▽

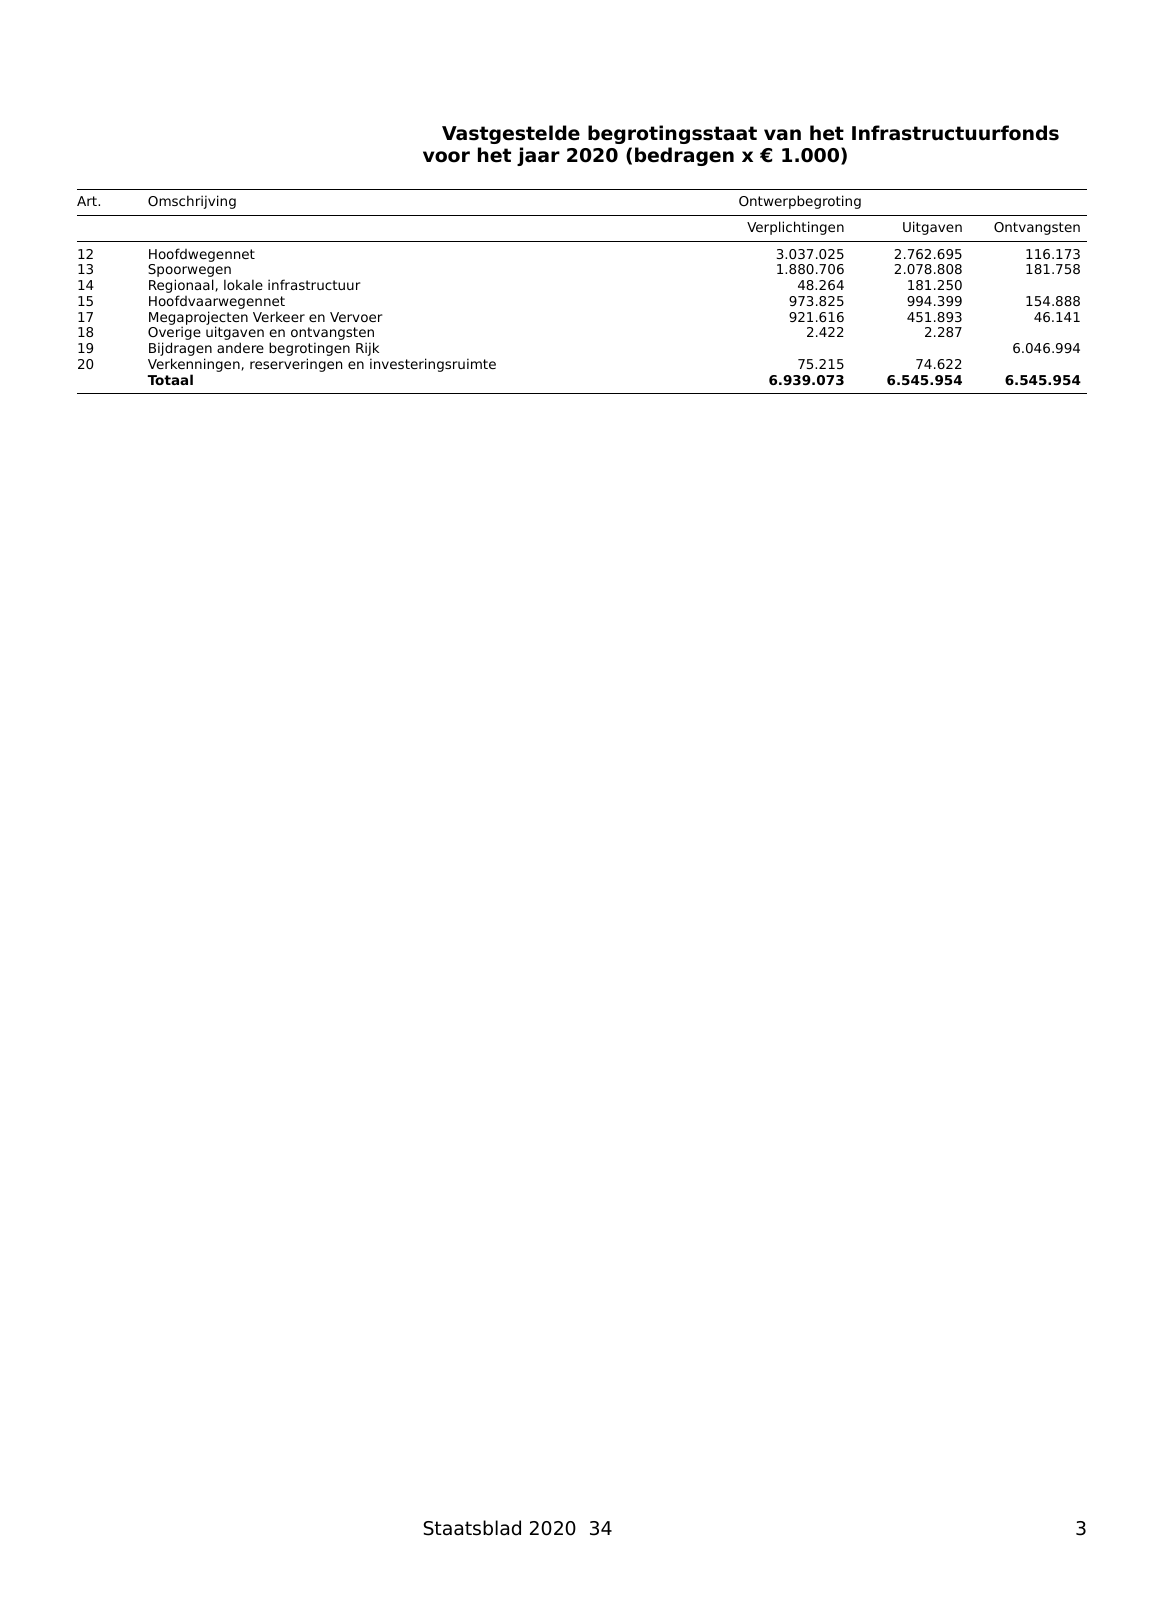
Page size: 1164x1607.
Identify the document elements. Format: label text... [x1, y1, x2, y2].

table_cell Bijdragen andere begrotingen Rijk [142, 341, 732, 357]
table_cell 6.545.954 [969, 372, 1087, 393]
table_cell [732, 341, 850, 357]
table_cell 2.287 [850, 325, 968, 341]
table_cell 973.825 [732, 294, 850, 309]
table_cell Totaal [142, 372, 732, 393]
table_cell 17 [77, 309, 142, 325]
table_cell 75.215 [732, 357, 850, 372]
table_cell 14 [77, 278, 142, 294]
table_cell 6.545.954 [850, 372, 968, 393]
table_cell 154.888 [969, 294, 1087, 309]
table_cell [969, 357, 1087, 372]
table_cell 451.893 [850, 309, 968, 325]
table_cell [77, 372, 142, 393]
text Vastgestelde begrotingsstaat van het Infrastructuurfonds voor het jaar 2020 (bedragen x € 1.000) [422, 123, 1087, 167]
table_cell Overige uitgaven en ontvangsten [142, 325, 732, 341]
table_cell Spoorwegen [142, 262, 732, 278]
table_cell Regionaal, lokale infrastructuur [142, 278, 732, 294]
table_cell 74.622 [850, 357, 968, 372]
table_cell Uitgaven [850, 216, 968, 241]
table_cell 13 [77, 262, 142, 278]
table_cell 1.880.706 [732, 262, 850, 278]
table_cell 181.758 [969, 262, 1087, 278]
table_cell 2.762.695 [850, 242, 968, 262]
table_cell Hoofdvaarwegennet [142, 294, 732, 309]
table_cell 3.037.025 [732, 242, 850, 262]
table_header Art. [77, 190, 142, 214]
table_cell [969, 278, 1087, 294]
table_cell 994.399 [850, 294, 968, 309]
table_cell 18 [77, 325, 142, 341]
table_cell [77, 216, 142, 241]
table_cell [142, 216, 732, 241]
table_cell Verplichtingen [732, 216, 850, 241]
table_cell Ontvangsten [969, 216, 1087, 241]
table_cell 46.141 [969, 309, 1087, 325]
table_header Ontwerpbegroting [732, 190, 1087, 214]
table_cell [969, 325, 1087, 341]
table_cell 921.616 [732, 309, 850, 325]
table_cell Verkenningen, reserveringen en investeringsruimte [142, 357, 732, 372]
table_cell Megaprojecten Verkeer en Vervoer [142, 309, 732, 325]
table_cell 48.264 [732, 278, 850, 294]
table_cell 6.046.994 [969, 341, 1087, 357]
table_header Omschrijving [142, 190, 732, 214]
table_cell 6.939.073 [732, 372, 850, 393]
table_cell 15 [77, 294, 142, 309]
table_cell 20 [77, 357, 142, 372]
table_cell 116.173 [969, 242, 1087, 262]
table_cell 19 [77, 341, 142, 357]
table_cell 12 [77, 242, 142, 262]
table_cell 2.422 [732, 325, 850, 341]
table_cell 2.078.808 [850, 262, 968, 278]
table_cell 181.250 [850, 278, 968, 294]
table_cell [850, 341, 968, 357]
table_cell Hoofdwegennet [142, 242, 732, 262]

△

**EXERCISE REQUIREMENTS:** Would you retype the lines above from the one with "table_cell 75.215 [732, 357, 850, 372]" down to the one with "table_cell 6.939.073 [732, 372, 850, 393]", word for word, both ends included and no other lines?

**TASK OUTPUT:**
table_cell 75.215 [732, 357, 850, 372]
table_cell 14 [77, 278, 142, 294]
table_cell 6.545.954 [850, 372, 968, 393]
table_cell 154.888 [969, 294, 1087, 309]
table_cell [969, 357, 1087, 372]
table_cell 451.893 [850, 309, 968, 325]
table_cell [77, 372, 142, 393]
text Vastgestelde begrotingsstaat van het Infrastructuurfonds voor het jaar 2020 (bedragen x € 1.000) [422, 123, 1087, 167]
table_cell Overige uitgaven en ontvangsten [142, 325, 732, 341]
table_cell Spoorwegen [142, 262, 732, 278]
table_cell Regionaal, lokale infrastructuur [142, 278, 732, 294]
table_cell 74.622 [850, 357, 968, 372]
table_cell Uitgaven [850, 216, 968, 241]
table_cell 13 [77, 262, 142, 278]
table_cell 1.880.706 [732, 262, 850, 278]
table_cell 181.758 [969, 262, 1087, 278]
table_cell 2.762.695 [850, 242, 968, 262]
table_cell Hoofdvaarwegennet [142, 294, 732, 309]
table_cell 3.037.025 [732, 242, 850, 262]
table_header Art. [77, 190, 142, 214]
table_cell [969, 278, 1087, 294]
table_cell 994.399 [850, 294, 968, 309]
table_cell 18 [77, 325, 142, 341]
table_cell [77, 216, 142, 241]
table_cell [142, 216, 732, 241]
table_cell Verplichtingen [732, 216, 850, 241]
table_cell Ontvangsten [969, 216, 1087, 241]
table_cell 46.141 [969, 309, 1087, 325]
table_header Ontwerpbegroting [732, 190, 1087, 214]
table_cell [969, 325, 1087, 341]
table_cell 921.616 [732, 309, 850, 325]
table_cell Verkenningen, reserveringen en investeringsruimte [142, 357, 732, 372]
table_cell Megaprojecten Verkeer en Vervoer [142, 309, 732, 325]
table_cell 48.264 [732, 278, 850, 294]
table_cell 6.046.994 [969, 341, 1087, 357]
table_header Omschrijving [142, 190, 732, 214]
table_cell 6.939.073 [732, 372, 850, 393]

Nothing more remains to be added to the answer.